Ramos Horta pushes for tax-free East Timor

No sooner do I post about Indonesia than I see a story about East Timor. Background:

East timor

The Democratic Republic of Timor-Leste. They’re having elections again, parliamentary this time, not Presidential. Last year Jose Ramos-Horta, former Foreign Minister-then-Prime Minister, won (resoundingly) that one, succeeding clear hero of independence Xanana Gusmao who is now running for Prime Minister in these parliamentary elections. To be fair they only won independence in 2002, suffered rampaging militant loyalists and UN intervention – a poor enough start for the first new nation of the century.

On to the story. With a PPP-adjusted GDP of USD800 per capita they’re among the poorer end of the nations of the world – according to the CIA factbook (2005). According to the IMF, GDP is USD1700, from 2004 estimates. Given that East Timor is pretty drought-prone, I wouldn’t be surprised.

So Ramos-Horta has said he wants to follow Hong Kong’s model of very low, very simple taxation. No estate taxes, stamp duties (such as they are) are due to be removed, earned-income taxation is simple and with very low marginal rates, as are corporate taxes on earned-income. Those two are just about it, and they’ve proved remarkably good at bringing prosperity to Hong Kong (being rented out by England and made a trade/finance hub helped, too…).

It’s pretty interesting. The differences between the two are substantial:

  • Hong Kong has few natural resources. East Timor has the Greater Sunrise gas field, worth around USD30bn. The sharing between East Timor and Australia has proved to be very entertaining (we tried to screw them over, and eventually settled for a very small share of the revenues).
  • Hong Kong is a technocracy; East Timor is a republic. More importantly, a republic that fought like hell for its independence, at the hands of the people (rather than the capitalists, distinguishing it also from the US). This will alter government intervention in markets and social infrastructure, which is minimal in Hong Kong.
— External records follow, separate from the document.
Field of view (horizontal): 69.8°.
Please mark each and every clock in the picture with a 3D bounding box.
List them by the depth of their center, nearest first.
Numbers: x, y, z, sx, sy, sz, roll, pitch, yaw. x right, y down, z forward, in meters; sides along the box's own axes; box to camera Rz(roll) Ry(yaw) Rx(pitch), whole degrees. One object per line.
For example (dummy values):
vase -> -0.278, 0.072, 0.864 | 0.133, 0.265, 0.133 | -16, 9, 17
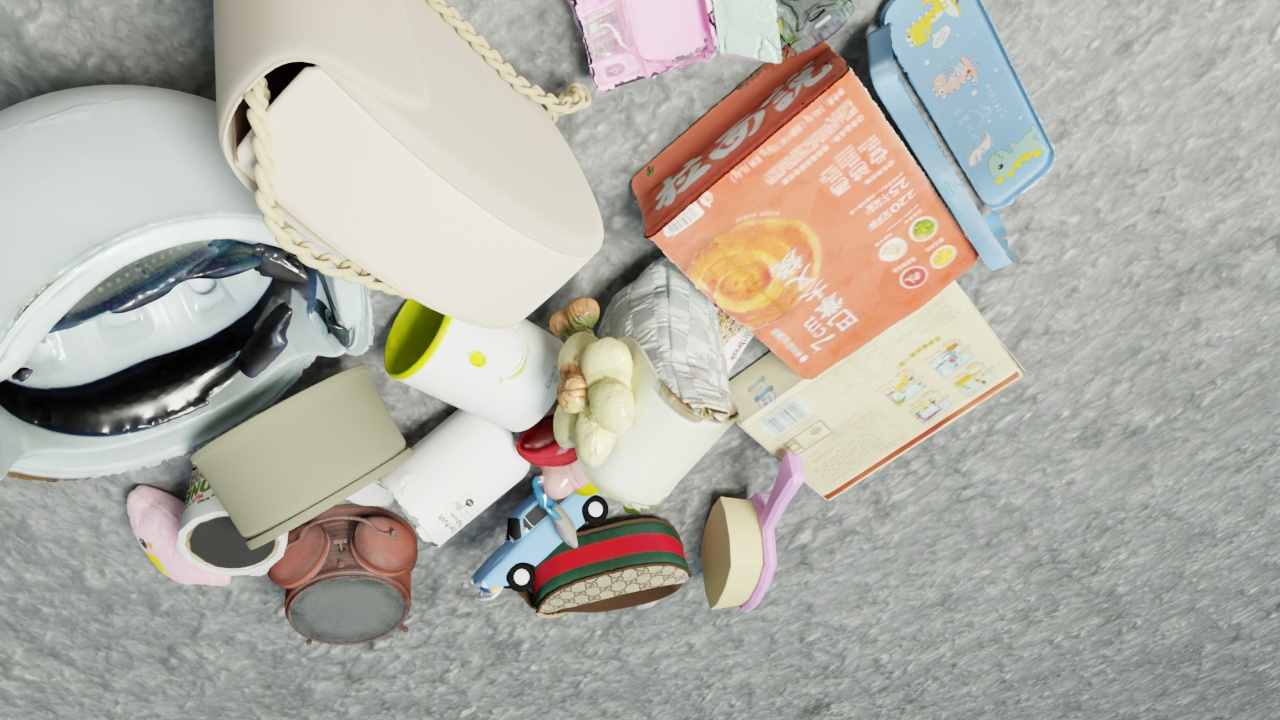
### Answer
clock -> -0.255, 0.181, 0.796 | 0.120, 0.072, 0.158 | -4, 132, -12

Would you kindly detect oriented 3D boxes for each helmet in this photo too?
helmet -> -0.288, -0.045, 0.518 | 0.236, 0.163, 0.265 | -25, 167, -30

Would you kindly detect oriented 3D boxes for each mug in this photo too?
mug -> -0.118, -0.004, 0.665 | 0.106, 0.082, 0.083 | 31, 117, -35
mug -> -0.308, 0.118, 0.715 | 0.073, 0.089, 0.105 | -9, 132, -7

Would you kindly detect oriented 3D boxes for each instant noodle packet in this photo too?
instant noodle packet -> 0.125, -0.086, 0.643 | 0.165, 0.083, 0.221 | -38, 123, 17

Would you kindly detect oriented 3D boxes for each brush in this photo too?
brush -> 0.099, 0.154, 0.838 | 0.043, 0.089, 0.229 | 0, 142, -9

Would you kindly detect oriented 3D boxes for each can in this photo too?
can -> -0.230, 0.065, 0.633 | 0.128, 0.127, 0.073 | -29, 95, 10

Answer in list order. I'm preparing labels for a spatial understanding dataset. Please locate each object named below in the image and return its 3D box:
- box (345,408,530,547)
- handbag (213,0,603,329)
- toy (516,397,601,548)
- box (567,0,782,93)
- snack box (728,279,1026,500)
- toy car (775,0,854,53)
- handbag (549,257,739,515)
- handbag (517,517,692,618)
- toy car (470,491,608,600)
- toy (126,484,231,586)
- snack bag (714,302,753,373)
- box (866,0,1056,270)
box -> -0.178, 0.086, 0.743 | 0.136, 0.144, 0.083 | -41, 139, -19
handbag -> -0.109, -0.124, 0.473 | 0.103, 0.210, 0.208 | -40, 138, 20
toy -> -0.035, 0.079, 0.739 | 0.097, 0.124, 0.131 | 10, 150, 24
box -> 0.017, -0.264, 0.487 | 0.159, 0.066, 0.231 | 0, 135, 17
snack box -> 0.199, 0.017, 0.785 | 0.208, 0.055, 0.153 | -37, 128, 17
toy car -> 0.085, -0.238, 0.548 | 0.048, 0.033, 0.105 | -33, 117, 17
handbag -> -0.004, 0.004, 0.646 | 0.123, 0.171, 0.113 | 20, 130, -20
handbag -> -0.034, 0.216, 0.899 | 0.166, 0.063, 0.138 | -14, 142, -4
toy car -> -0.085, 0.143, 0.783 | 0.153, 0.056, 0.055 | -40, 96, -23
toy -> -0.367, 0.151, 0.740 | 0.050, 0.093, 0.103 | -44, 148, -33
snack bag -> 0.036, 0.023, 0.774 | 0.070, 0.016, 0.197 | 12, 126, -26
box -> 0.221, -0.163, 0.636 | 0.209, 0.049, 0.120 | 41, 69, -38
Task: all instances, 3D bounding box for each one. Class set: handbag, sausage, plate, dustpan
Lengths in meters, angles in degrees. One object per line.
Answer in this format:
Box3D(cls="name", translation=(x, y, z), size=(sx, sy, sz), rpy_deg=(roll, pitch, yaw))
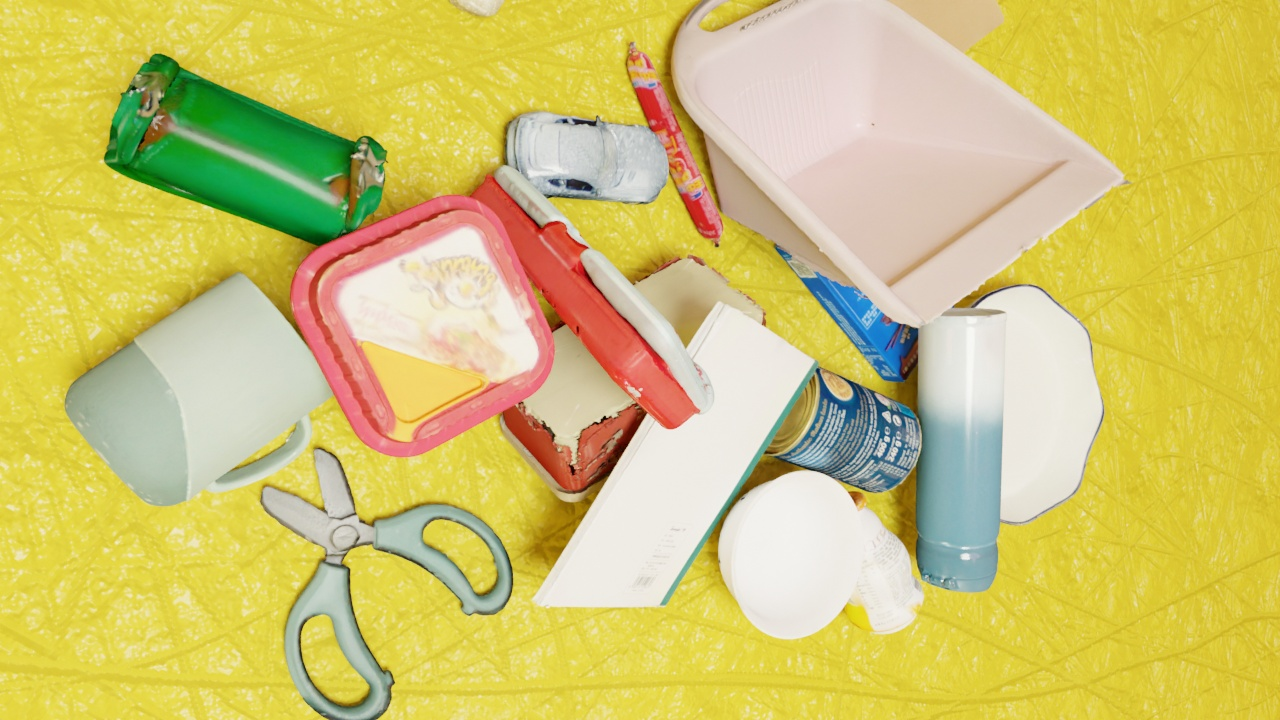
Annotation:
Box3D(cls="handbag", translation=(-0.198, -0.109, 0.475), size=(0.131, 0.120, 0.068), rpy_deg=(21, 85, -27))
Box3D(cls="sausage", translation=(0.024, -0.151, 0.652), size=(0.020, 0.020, 0.156), rpy_deg=(-32, 105, -24))
Box3D(cls="plate", translation=(0.319, 0.037, 0.798), size=(0.204, 0.046, 0.205), rpy_deg=(0, 90, -28))
Box3D(cls="dustpan", translation=(0.152, -0.167, 0.618), size=(0.222, 0.274, 0.139), rpy_deg=(-35, 131, -27))

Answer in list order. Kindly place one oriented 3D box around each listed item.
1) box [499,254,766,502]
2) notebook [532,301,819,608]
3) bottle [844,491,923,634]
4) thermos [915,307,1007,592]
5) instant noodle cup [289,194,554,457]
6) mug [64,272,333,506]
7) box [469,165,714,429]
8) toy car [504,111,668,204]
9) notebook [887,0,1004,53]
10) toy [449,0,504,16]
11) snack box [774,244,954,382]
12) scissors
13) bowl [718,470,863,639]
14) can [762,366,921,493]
Box3D(cls="box", translation=(-0.004, 0.003, 0.584), size=(0.168, 0.091, 0.079), rpy_deg=(-32, 146, -24))
Box3D(cls="notebook", translation=(0.032, 0.072, 0.590), size=(0.209, 0.012, 0.150), rpy_deg=(-58, 146, 6))
Box3D(cls="bottle", translation=(0.176, 0.155, 0.712), size=(0.063, 0.063, 0.108), rpy_deg=(-31, 105, -24))
Box3D(cls="thermos", translation=(0.245, 0.069, 0.705), size=(0.070, 0.070, 0.220), rpy_deg=(-8, 101, -28))
Box3D(cls="instant noodle cup", translation=(-0.126, -0.020, 0.511), size=(0.116, 0.124, 0.116), rpy_deg=(-29, 103, -21))
Box3D(cls="mug", translation=(-0.227, 0.027, 0.491), size=(0.106, 0.082, 0.112), rpy_deg=(-41, 140, -22))
Box3D(cls="box", translation=(-0.028, -0.042, 0.527), size=(0.048, 0.201, 0.087), rpy_deg=(-43, 140, 0))
Box3D(cls="toy car", translation=(-0.033, -0.134, 0.612), size=(0.120, 0.037, 0.054), rpy_deg=(-1, 90, -32))
Box3D(cls="notebook", translation=(0.216, -0.342, 0.758), size=(0.147, 0.008, 0.208), rpy_deg=(-39, 108, -22))
Box3D(cls="toy", translation=(-0.077, -0.291, 0.576), size=(0.157, 0.066, 0.105), rpy_deg=(-64, 148, -8))
Box3D(cls="snack box", translation=(0.182, -0.065, 0.733), size=(0.157, 0.026, 0.084), rpy_deg=(47, 71, -21))
Box3D(cls="scissors", translation=(-0.168, 0.144, 0.553), size=(0.174, 0.019, 0.177), rpy_deg=(34, 76, -26))
Box3D(cls="bowl", translation=(0.097, 0.135, 0.668), size=(0.118, 0.065, 0.118), rpy_deg=(-2, 94, -30))
Box3D(cls="can", translation=(0.146, 0.051, 0.688), size=(0.111, 0.075, 0.075), rpy_deg=(22, 81, -27))
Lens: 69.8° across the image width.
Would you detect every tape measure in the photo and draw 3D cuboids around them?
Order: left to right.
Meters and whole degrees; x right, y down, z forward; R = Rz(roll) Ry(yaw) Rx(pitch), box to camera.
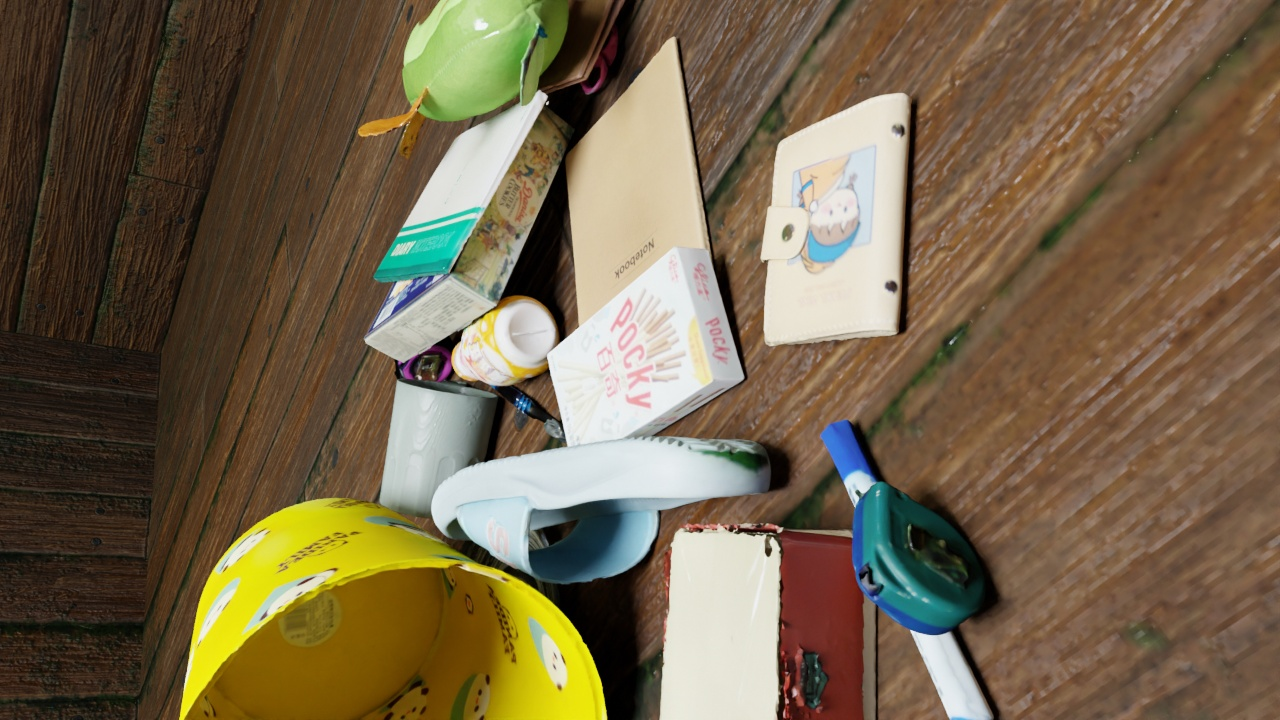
[{"bbox_3d":[-0.201,-0.003,0.856,0.039,0.057,0.058,57,142,41],"label":"tape measure"},{"bbox_3d":[0.109,0.079,0.361,0.025,0.054,0.058,-57,7,35],"label":"tape measure"}]

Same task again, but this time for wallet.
[{"bbox_3d":[-0.047,-0.258,0.707,0.101,0.020,0.115,11,77,58],"label":"wallet"},{"bbox_3d":[0.095,-0.066,0.456,0.087,0.024,0.115,-5,78,51],"label":"wallet"}]

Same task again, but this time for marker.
[{"bbox_3d":[0.111,0.088,0.391,0.017,0.016,0.145,-51,42,36],"label":"marker"}]

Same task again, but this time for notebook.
[{"bbox_3d":[-0.149,-0.130,0.730,0.209,0.012,0.150,6,66,61],"label":"notebook"},{"bbox_3d":[-0.006,-0.097,0.632,0.148,0.008,0.207,-36,52,47],"label":"notebook"}]

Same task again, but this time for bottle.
[{"bbox_3d":[-0.110,-0.010,0.715,0.109,0.063,0.063,-19,65,54],"label":"bottle"}]

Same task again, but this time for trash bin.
[{"bbox_3d":[-0.178,0.203,0.582,0.256,0.229,0.229,12,91,62],"label":"trash bin"}]

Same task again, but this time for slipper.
[{"bbox_3d":[-0.026,0.089,0.528,0.246,0.104,0.074,-18,72,46],"label":"slipper"}]

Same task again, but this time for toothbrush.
[{"bbox_3d":[-0.095,0.032,0.724,0.190,0.016,0.014,27,99,57],"label":"toothbrush"}]

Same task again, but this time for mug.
[{"bbox_3d":[-0.170,0.071,0.781,0.124,0.083,0.103,-160,80,-84],"label":"mug"}]

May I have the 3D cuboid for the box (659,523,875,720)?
[{"bbox_3d":[0.048,0.159,0.412,0.091,0.076,0.168,-14,69,54],"label":"box"}]

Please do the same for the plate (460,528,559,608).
[{"bbox_3d":[-0.098,0.194,0.675,0.180,0.024,0.179,-23,62,51],"label":"plate"}]

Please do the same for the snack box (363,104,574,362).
[{"bbox_3d":[-0.143,-0.102,0.754,0.178,0.045,0.182,-22,42,52],"label":"snack box"}]

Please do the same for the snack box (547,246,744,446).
[{"bbox_3d":[-0.003,0.003,0.569,0.157,0.026,0.084,-36,61,48],"label":"snack box"}]

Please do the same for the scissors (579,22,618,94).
[{"bbox_3d":[-0.050,-0.250,0.738,0.133,0.017,0.057,46,118,56],"label":"scissors"}]

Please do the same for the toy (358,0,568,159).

So slightly different. Ramos-Horta wants to use the oil and gas reserves – a common treasury – to rebuild after Indonesian loyalists laid waste to what infrastructure they had. By doing this with those revenues, and keeping the tax system very neat and simple, he’s setting East Timor up for the sort of streamlined capitalist economy that Hong Kong has. Which may or may not work as well as it did there. It certainly won’t work out as badly as other nations – say, Nauru or Liechtenstein – but it has to start from scratch, without a British Empire on one side and China on the other, to build there first.

Also, the best coffee comes from East Timor. Buy some if you ever see it.